"""

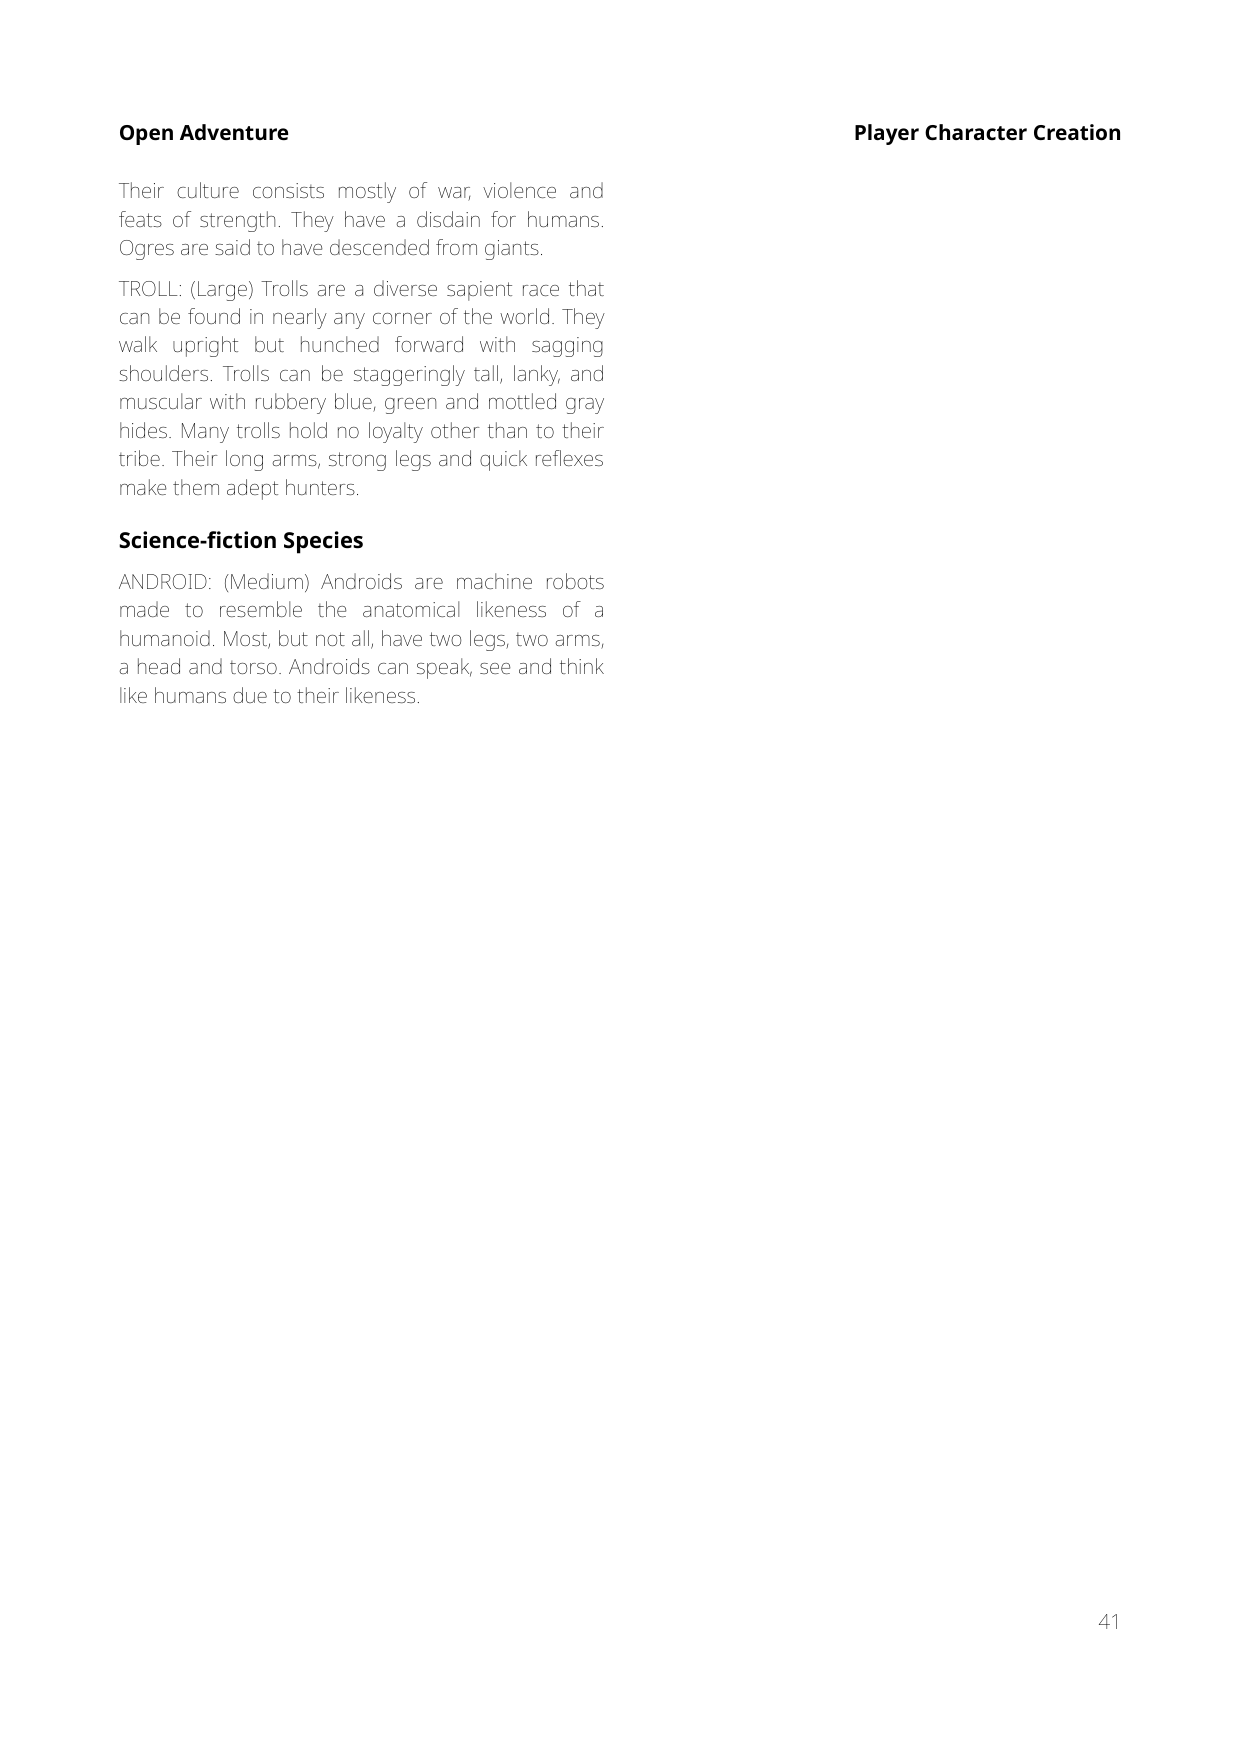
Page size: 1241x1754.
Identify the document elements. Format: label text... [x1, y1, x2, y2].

text ANDROID: (Medium) Androids are machine robots made to resemble the anatomical likeness of a humanoid. Most, but not all, have two legs, two arms, a head and torso. Androids can speak, see and think like humans due to their likeness. [118, 567, 605, 709]
text TROLL: (Large) Trolls are a diverse sapient race that can be found in nearly any corner of the world. They walk upright but hunched forward with sagging shoulders. Trolls can be staggeringly tall, lanky, and muscular with rubbery blue, green and mottled gray hides. Many trolls hold no loyalty other than to their tribe. Their long arms, strong legs and quick reflexes make them adept hunters. [118, 274, 605, 501]
text Science-fiction Species [118, 525, 605, 555]
text Their culture consists mostly of war, violence and feats of strength. They have a disdain for humans. Ogres are said to have descended from giants. [118, 176, 605, 262]

"""

Return the whole listing word for word, minus its pictures.

Finished task
Page size: 1241x1754.
Identify the document elements. Format: label text... [x1, y1, x2, y2].

text ANDROID: (Medium) Androids are machine robots made to resemble the anatomical likeness of a humanoid. Most, but not all, have two legs, two arms, a head and torso. Androids can speak, see and think like humans due to their likeness. [118, 567, 605, 709]
text TROLL: (Large) Trolls are a diverse sapient race that can be found in nearly any corner of the world. They walk upright but hunched forward with sagging shoulders. Trolls can be staggeringly tall, lanky, and muscular with rubbery blue, green and mottled gray hides. Many trolls hold no loyalty other than to their tribe. Their long arms, strong legs and quick reflexes make them adept hunters. [118, 274, 605, 501]
text Science-fiction Species [118, 525, 605, 555]
text Their culture consists mostly of war, violence and feats of strength. They have a disdain for humans. Ogres are said to have descended from giants. [118, 176, 605, 262]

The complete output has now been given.